(Data extracted from a collection)

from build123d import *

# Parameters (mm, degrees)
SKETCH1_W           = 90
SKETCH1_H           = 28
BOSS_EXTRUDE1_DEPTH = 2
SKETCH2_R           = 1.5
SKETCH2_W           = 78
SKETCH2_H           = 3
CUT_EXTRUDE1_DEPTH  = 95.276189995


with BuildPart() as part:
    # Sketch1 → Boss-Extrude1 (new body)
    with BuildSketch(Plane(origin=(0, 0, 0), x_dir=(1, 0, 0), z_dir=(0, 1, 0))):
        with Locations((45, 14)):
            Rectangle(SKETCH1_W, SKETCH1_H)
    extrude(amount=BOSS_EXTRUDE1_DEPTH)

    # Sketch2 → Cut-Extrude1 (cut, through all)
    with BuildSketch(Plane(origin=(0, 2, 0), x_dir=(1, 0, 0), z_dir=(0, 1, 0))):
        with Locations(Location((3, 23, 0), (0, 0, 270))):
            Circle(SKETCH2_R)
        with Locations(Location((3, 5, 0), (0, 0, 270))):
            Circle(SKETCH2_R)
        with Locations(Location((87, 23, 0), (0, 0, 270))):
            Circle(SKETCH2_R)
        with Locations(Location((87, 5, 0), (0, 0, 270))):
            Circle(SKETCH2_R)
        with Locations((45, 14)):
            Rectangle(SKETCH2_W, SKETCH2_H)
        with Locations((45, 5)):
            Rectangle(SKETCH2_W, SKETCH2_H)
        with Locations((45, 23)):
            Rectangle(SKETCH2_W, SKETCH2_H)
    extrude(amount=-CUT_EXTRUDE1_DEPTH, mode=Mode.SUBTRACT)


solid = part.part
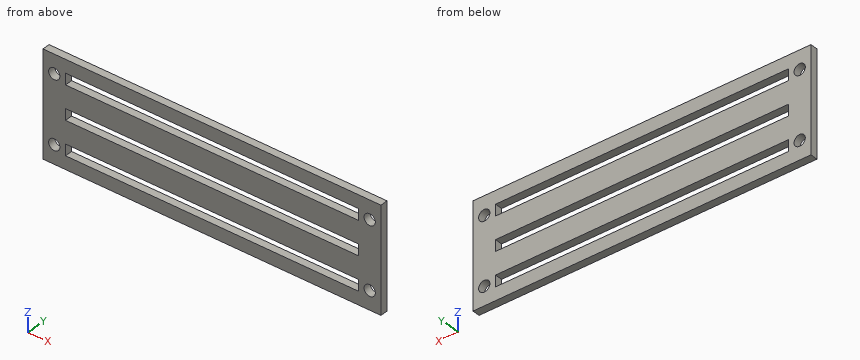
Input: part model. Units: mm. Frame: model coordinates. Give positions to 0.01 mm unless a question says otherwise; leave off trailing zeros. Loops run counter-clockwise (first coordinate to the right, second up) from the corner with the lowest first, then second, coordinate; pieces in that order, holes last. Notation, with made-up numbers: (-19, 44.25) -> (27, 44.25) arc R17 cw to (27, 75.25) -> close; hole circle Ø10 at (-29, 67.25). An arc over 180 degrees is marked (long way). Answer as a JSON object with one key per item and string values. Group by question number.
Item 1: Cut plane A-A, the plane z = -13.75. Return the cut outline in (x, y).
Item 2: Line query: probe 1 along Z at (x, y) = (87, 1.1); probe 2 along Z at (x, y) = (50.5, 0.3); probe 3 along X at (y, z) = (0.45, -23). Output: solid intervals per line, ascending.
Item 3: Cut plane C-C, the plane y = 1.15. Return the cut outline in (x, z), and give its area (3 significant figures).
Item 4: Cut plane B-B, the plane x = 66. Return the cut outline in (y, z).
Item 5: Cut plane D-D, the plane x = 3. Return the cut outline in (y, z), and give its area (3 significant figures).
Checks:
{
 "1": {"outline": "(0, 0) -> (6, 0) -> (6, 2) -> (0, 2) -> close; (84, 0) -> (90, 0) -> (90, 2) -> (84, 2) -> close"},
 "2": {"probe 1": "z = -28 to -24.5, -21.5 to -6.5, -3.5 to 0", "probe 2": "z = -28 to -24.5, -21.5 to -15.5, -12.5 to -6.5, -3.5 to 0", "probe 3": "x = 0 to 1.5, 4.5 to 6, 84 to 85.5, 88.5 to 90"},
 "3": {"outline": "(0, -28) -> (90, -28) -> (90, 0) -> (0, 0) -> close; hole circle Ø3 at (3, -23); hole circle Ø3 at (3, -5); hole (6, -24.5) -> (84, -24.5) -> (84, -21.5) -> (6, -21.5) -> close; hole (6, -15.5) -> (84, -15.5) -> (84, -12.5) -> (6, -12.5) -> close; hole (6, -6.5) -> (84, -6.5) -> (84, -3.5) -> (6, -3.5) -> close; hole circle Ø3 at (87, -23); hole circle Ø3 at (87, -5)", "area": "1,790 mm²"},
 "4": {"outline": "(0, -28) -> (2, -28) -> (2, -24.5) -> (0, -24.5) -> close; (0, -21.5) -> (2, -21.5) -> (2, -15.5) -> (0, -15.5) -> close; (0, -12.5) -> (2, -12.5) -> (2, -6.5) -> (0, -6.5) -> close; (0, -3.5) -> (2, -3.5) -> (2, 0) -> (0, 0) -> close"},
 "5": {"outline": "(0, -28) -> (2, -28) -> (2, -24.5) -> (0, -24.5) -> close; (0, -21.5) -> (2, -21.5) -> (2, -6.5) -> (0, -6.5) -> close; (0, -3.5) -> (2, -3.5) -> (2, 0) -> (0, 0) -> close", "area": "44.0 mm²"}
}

Work to be completed:
Reproduce each line above that contains "close".

Answer box:
Input: part model. Units: mm. Frame: model coordinates. Give positions to 0.01 mm unless a question says otherwise; leave off trailing zeros. Loops run counter-clockwise (first coordinate to the right, second up) from the corner with the lowest first, then second, coordinate; pieces in that order, holes last. Notation, with made-up numbers: (-19, 44.25) -> (27, 44.25) arc R17 cw to (27, 75.25) -> close; hole circle Ø10 at (-29, 67.25). An arc over 180 degrees is marked (long way). Answer as a JSON object with one key per item and string values. Group by question number.
 "1": {"outline": "(0, 0) -> (6, 0) -> (6, 2) -> (0, 2) -> close; (84, 0) -> (90, 0) -> (90, 2) -> (84, 2) -> close"},
 "3": {"outline": "(0, -28) -> (90, -28) -> (90, 0) -> (0, 0) -> close; hole circle Ø3 at (3, -23); hole circle Ø3 at (3, -5); hole (6, -24.5) -> (84, -24.5) -> (84, -21.5) -> (6, -21.5) -> close; hole (6, -15.5) -> (84, -15.5) -> (84, -12.5) -> (6, -12.5) -> close; hole (6, -6.5) -> (84, -6.5) -> (84, -3.5) -> (6, -3.5) -> close; hole circle Ø3 at (87, -23); hole circle Ø3 at (87, -5)", "area": "1,790 mm²"},
 "4": {"outline": "(0, -28) -> (2, -28) -> (2, -24.5) -> (0, -24.5) -> close; (0, -21.5) -> (2, -21.5) -> (2, -15.5) -> (0, -15.5) -> close; (0, -12.5) -> (2, -12.5) -> (2, -6.5) -> (0, -6.5) -> close; (0, -3.5) -> (2, -3.5) -> (2, 0) -> (0, 0) -> close"},
 "5": {"outline": "(0, -28) -> (2, -28) -> (2, -24.5) -> (0, -24.5) -> close; (0, -21.5) -> (2, -21.5) -> (2, -6.5) -> (0, -6.5) -> close; (0, -3.5) -> (2, -3.5) -> (2, 0) -> (0, 0) -> close", "area": "44.0 mm²"}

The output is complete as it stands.